5.30-7pm, 28 January 2011, at Inspace, University of Edinburgh, Crichton St, Edinburgh.
Abstract:
This presentation introduces the notion of smellscape as a complement to R. Murray Schafer’s concept of the soundscape and an alternative to the conventional Western notion of the “landscape” (which is so pervaded by visual values). Smellscape refers to an environment as apprehended by the period nose (when the approach is historical) or cultured nose (when the approach is anthropological). The presentation goes on to weigh the evidence for and against the thesis of the “Olfactory Decline of the West” and, finding there to have been a decline, asks whether we moderns would be able to support the olfactory values of premodern times being brought back in. Next, the presentation surveys the social life of smells in a range of non-Western cultures and seeks to determine how our own olfactory experience might be enriched through emulating certain exotic practices, such as the Japanese game of kodo. The presentation concludes with a plea for the education (and liberation) of the contemporary nose given the threat posed by the advancing commodification of olfaction.
About the Speaker:
David Howes is Professor of Anthropology at Concordia University, Montreal, and the Director of the Concordia Sensoria Research Team (CONSERT). He holds three degrees in anthropology and two degrees in law. His main fields of research include sensory anthropology, culture and consumption, constitutional studies, and the anthropology of law.
Howes has conducted field research on the cultural life of the senses in the Middle Sepik River region of Papua New Guinea, Northwestern Argentina, and the Southwestern United States. This research has significantly expanded understanding of the varieties of sensory experience. He recently completed an ethnographic analysis of current trends in multisensory marketing, and is presently wrapping up a study of the sensory life of things in the Pitt Rivers Museum, Oxford.
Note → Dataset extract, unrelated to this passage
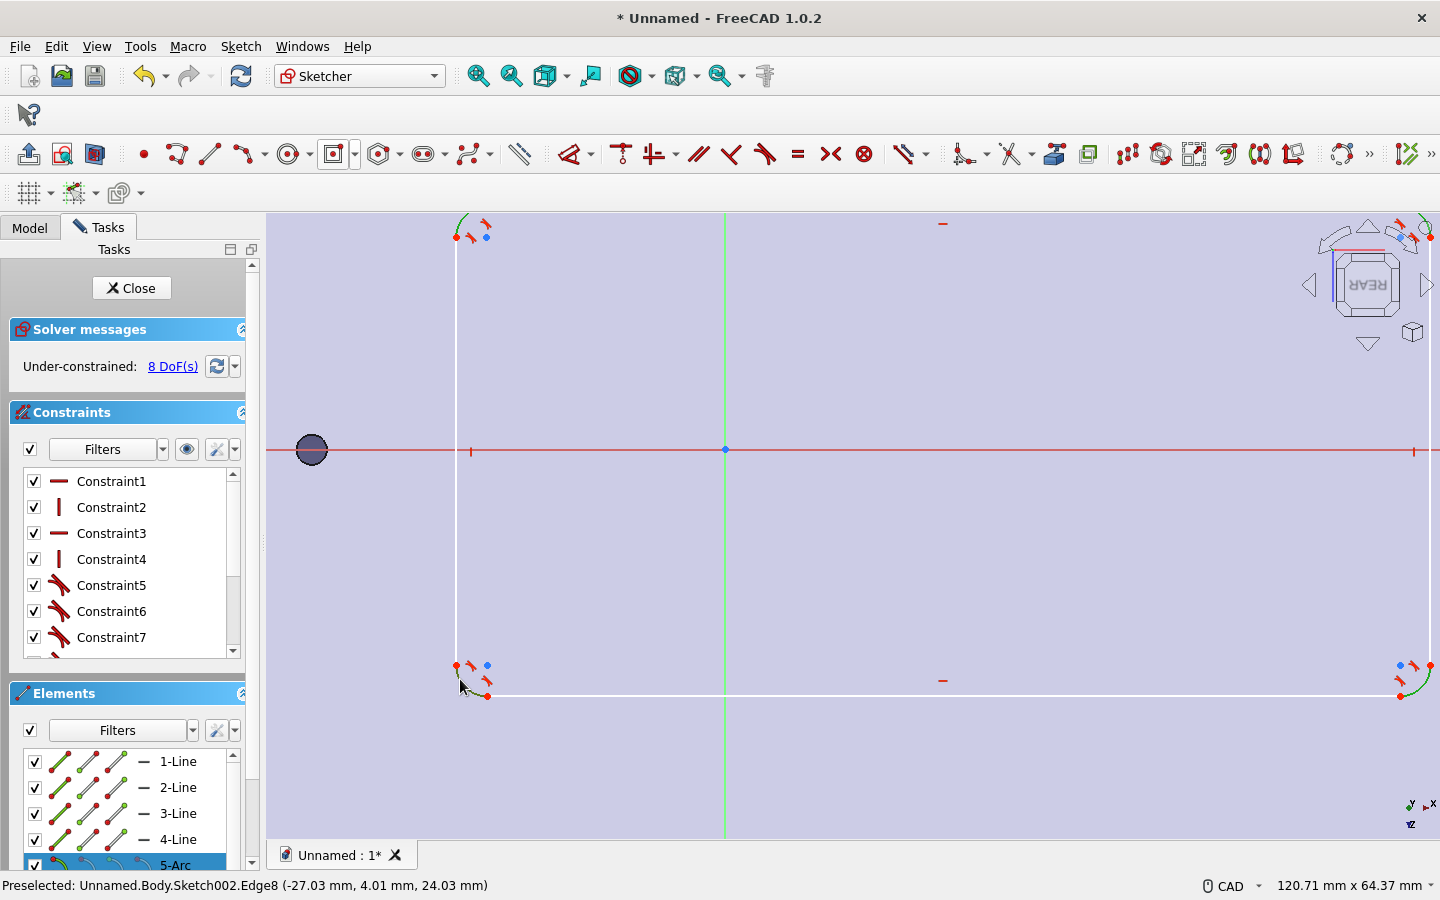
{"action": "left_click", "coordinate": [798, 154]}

He has just embarked on a new media art project in collaboration with colleague Christopher Salter, which involves constructing a chamber that plays with a wide range of sensory phenomena. The sensory programing of the chamber is inspired in part by models of alternative sensory orders derived from the CONSERT archives.
Howes' research in law has focussed on the elaboration of a methodology for resolving cases that are sparked by the increasing mixity and friction of cultures brought on by transnational migration. In place of using culture as a defense, he advocates the development of cross-cultural jurisprudence. He has also conducted an excavation of the cultural underpinnings of the Canadian and U.S. constititions (www.canadianicon.org)
Howes is the editor of The Varieties of Sensory Experience (1991), Cross-Cultural Consumption (1996), and Empire of the Senses (2004); the co-author with Constance Classen and Anthony Synnott of Aroma: The Cultural History of Smell (1994); and, the author of Sensual Relations: Engaging the Senses in Culture and Social Theory (2003). His latest book is The Sixth Sense Reader (2009). He is the Managing Editor of The Senses and Society journal, and a co-convenor of the Sensory Studies website (www.sensorystudies.org)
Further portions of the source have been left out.